2020-11-04 Thread Russell Spitzer
A where clause with a PK restriction should be identified by the Connector
and transformed into a single request. This should still be much slower
than doing the request directly but still much much faster than a full scan.

On Wed, Nov 4, 2020 at 12:51 PM Russell Spitzer 
wrote:

> Yes, the "Allow filtering" part isn't actually important other than for
> letting the query run in the first place. A where clause that utilizes a
> clustering column restriction will perform much better than a full scan,
> column pruning as well can be extremely beneficial.
>
> On Wed, Nov 4, 2020 at 11:12 AM Amit Sharma  wrote:
>
>> Hi, i have a question while we are reading from cassandra should we use
>> partition key only in where clause from performance perspective or it does
>> not matter from spark perspective because it always allows filtering.
>>
>>
>> Thanks
>> Amit
>>
>


Re: Spark reading from cassandra

2020-11-04 Thread Russell Spitzer
Yes, the "Allow filtering" part isn't actually important other than for
letting the query run in the first place. A where clause that utilizes a
clustering column restriction will perform much better than a full scan,
column pruning as well can be extremely beneficial.

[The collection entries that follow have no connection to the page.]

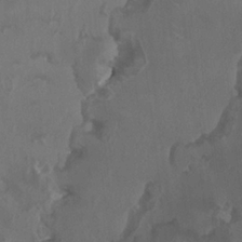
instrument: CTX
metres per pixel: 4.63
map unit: HNhu
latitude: 1.5938
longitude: -3.9906
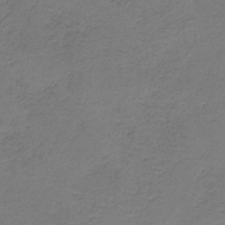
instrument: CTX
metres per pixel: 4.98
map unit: HNb
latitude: -35.7289
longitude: 53.7099
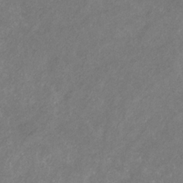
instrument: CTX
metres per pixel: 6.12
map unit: eHb
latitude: -31.2943
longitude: 70.5574
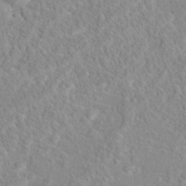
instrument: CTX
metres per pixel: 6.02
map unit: Hto
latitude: 16.4223
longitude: -41.9906
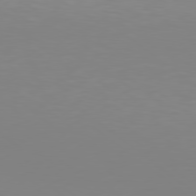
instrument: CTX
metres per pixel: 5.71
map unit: Hpe
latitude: 78.3090
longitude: -134.3845
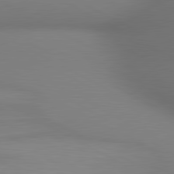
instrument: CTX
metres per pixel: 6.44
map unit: lApd
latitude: 80.7057
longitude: 133.1432
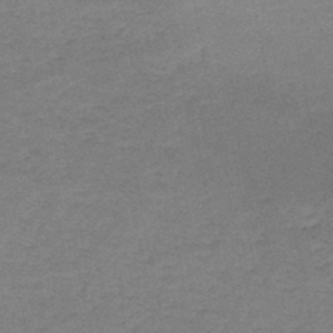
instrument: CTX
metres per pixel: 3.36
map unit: HNb
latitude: -47.0297
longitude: -36.1578
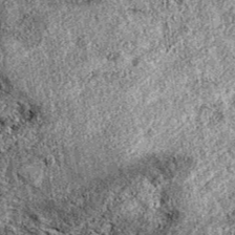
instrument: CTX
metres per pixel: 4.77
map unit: eAb
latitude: 37.8961
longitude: 111.8045
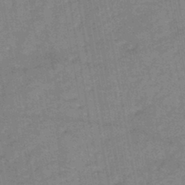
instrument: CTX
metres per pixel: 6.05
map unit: HNb
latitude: -45.9745
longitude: -37.7450
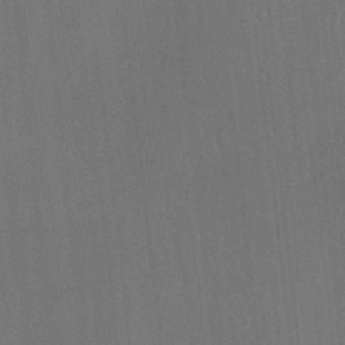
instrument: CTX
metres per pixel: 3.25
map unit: Ave
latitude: 22.5924
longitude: -136.3468
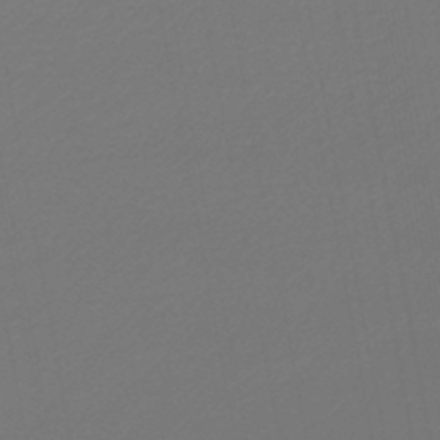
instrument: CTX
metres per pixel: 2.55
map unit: lHb
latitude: -46.8975
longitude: 63.0675
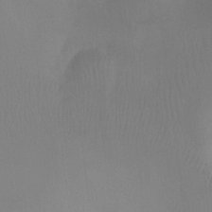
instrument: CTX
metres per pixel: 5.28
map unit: Ht
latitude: -8.9353
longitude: -33.7639
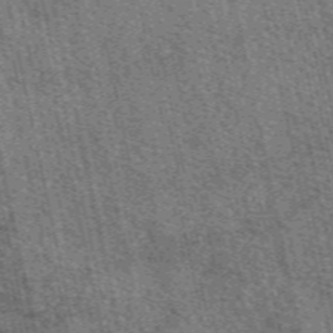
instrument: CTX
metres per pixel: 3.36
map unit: eAb
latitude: 51.0269
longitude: 114.3117
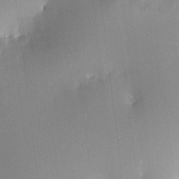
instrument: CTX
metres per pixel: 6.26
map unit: HNhu
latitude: 7.6883
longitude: 9.9367
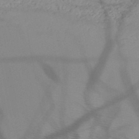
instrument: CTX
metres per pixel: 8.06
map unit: HNb
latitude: -48.8408
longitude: -40.4034
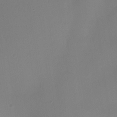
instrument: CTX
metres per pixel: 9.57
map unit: eHh
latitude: -23.5399
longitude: 14.9353
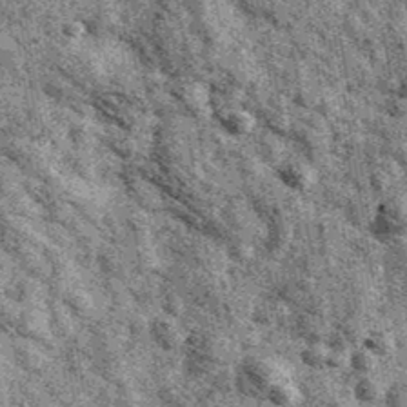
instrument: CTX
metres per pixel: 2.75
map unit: Ave
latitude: 40.8002
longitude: -107.2915
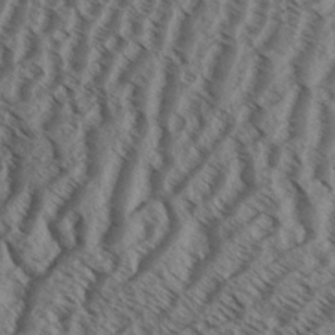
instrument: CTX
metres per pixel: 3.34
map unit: Aa
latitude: 31.5749
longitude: -138.4979
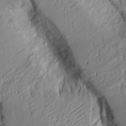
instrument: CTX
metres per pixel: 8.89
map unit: Aa
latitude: 9.3482
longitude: -127.9339
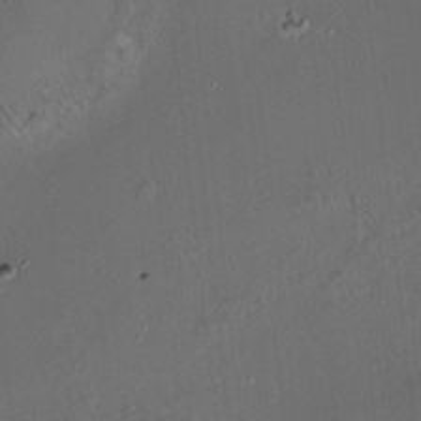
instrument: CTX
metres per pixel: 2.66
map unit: HNhu
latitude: 5.7450
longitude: 13.7100
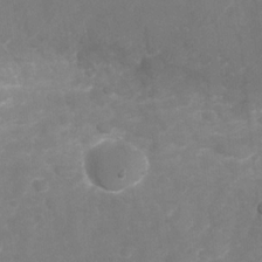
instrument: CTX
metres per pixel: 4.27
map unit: Nhu
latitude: -27.9556
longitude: -58.3278
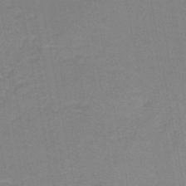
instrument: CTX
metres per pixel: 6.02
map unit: HNb
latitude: -49.8612
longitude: -49.4048
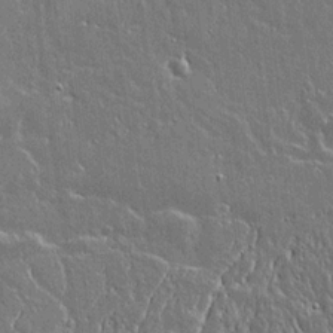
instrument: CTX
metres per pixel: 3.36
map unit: lAvf
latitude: 15.3104
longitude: -128.5168
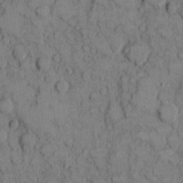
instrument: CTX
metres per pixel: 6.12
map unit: eHh
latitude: 7.8394
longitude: -64.4034
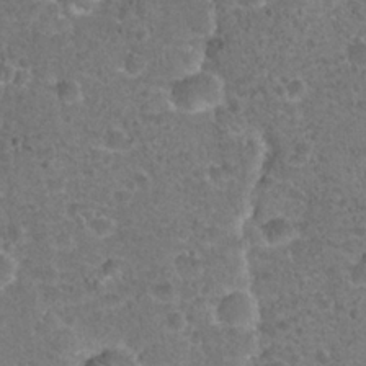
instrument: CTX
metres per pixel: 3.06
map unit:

On Wed, Nov 4, 2020 at 11:12 AM Amit Sharma  wrote:

> Hi, i have a question while we are reading from cassandra should we use
> partition key only in where clause from performance perspective or it does
> not matter from spark perspective because it always allows filtering.
>
>
> Thanks
> Amit
>


Spark reading from cassandra

2020-11-04 Thread Amit Sharma
Hi, i have a question while we are reading from cassandra should we use
partition key only in where clause from performance perspective or it does
not matter from spark perspective because it always allows filtering.


Thanks
Amit